Processing data using edge technology can provide seamless data coordination between the Operational Technology (OT) and Information Technology (IT) layers. Edge technology that follows the guidelines laid down by the Edgecross Consortium will support several network protocols. This allows data collection from plant level assets regardless of the automation vendor equipment used to control them.

The Edge and Cloud Conundrum

Deciding on how to use edge and cloud-based platforms depends on which best suits the operational and business drivers. For example, the edge is the best place to handle critical operational activities and production analytics requiring real-time processing.

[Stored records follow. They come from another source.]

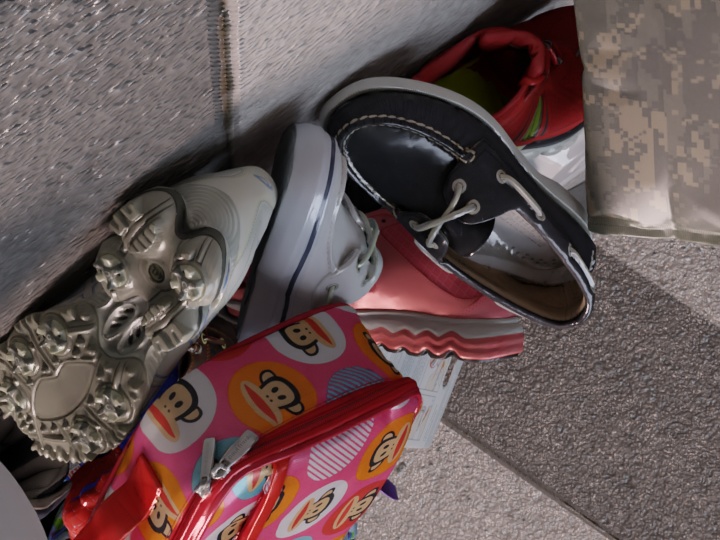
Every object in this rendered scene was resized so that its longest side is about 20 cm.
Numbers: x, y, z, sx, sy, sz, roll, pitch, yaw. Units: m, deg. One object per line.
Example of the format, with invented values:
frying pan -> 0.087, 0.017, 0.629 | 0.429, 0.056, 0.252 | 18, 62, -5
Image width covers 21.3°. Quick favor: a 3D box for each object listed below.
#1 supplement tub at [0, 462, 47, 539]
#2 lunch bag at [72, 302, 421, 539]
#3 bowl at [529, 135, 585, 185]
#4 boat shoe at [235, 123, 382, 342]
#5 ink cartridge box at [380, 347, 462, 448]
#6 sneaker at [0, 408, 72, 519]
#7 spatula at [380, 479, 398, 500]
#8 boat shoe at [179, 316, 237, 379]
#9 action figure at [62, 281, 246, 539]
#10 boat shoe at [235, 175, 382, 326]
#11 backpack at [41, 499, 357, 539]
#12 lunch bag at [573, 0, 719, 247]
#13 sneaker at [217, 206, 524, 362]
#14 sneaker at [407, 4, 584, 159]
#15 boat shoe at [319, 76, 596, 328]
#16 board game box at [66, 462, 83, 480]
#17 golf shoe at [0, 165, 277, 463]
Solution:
supplement tub -> -0.245, 0.163, 0.836 | 0.200, 0.141, 0.140 | -39, 173, 18
lunch bag -> -0.072, 0.117, 0.962 | 0.175, 0.082, 0.201 | -21, 151, -42
bowl -> 0.144, -0.113, 1.309 | 0.199, 0.075, 0.200 | -37, 175, -19
boat shoe -> -0.020, -0.014, 0.984 | 0.200, 0.066, 0.074 | 114, -15, -67
ink cartridge box -> 0.023, 0.038, 1.317 | 0.200, 0.047, 0.162 | 18, 93, -66
sneaker -> -0.210, 0.128, 1.073 | 0.146, 0.077, 0.202 | -37, 174, 14
spatula -> -0.062, 0.105, 1.272 | 0.057, 0.198, 0.021 | -110, -136, -81
boat shoe -> -0.111, 0.056, 1.136 | 0.070, 0.071, 0.200 | -38, 173, 15
action figure -> -0.116, 0.081, 1.028 | 0.201, 0.051, 0.066 | -60, -165, 16
boat shoe -> -0.024, -0.006, 1.186 | 0.200, 0.068, 0.072 | -41, 174, 41
backpack -> -0.102, 0.159, 1.183 | 0.198, 0.156, 0.163 | -3, -174, 12
lunch bag -> 0.202, -0.125, 1.054 | 0.116, 0.166, 0.200 | 7, -152, 27
sneaker -> 0.000, 0.000, 1.105 | 0.198, 0.088, 0.074 | 7, 180, 9
sneaker -> 0.088, -0.104, 1.061 | 0.199, 0.077, 0.085 | -33, 167, -38
boat shoe -> 0.056, -0.031, 0.997 | 0.073, 0.061, 0.200 | -28, 137, 27
board game box -> -0.174, 0.136, 1.471 | 0.199, 0.045, 0.152 | -34, 173, -36
golf shoe -> -0.103, 0.022, 0.926 | 0.200, 0.078, 0.097 | -41, 178, 40

But processing business analysis that does not need real-time processing can be either a centralised or cloud-based.

The use of “Digital Twins” is increasing in IIoT and Smart Manufacturing, so where should they live in the plant topology? The digital twin is a virtual model of a process, product or service. It allows the logical comparison and analysis of “what we should have” against “what we have actually got.” Creating digital twins often occurs at the enterprise level, with the logical comparison carried out at the edge. In other words, knowledge development occurs in the cloud and actioned at the edge.

Leveraging the benefits of edge and cloud computing technologies, allows businesses to maintain optimal operational efficiencies and drive up productivity. They are also important as new technologies not associated with automation migrate to the plant floor for further process intensification. For example, Virtual Reality (VR), Augmented Reality (AR), natural language understanding and speech recognition. As these innovative opportunities are fast becoming practical realities, it is important for manufacturers to choose the right solutions partner.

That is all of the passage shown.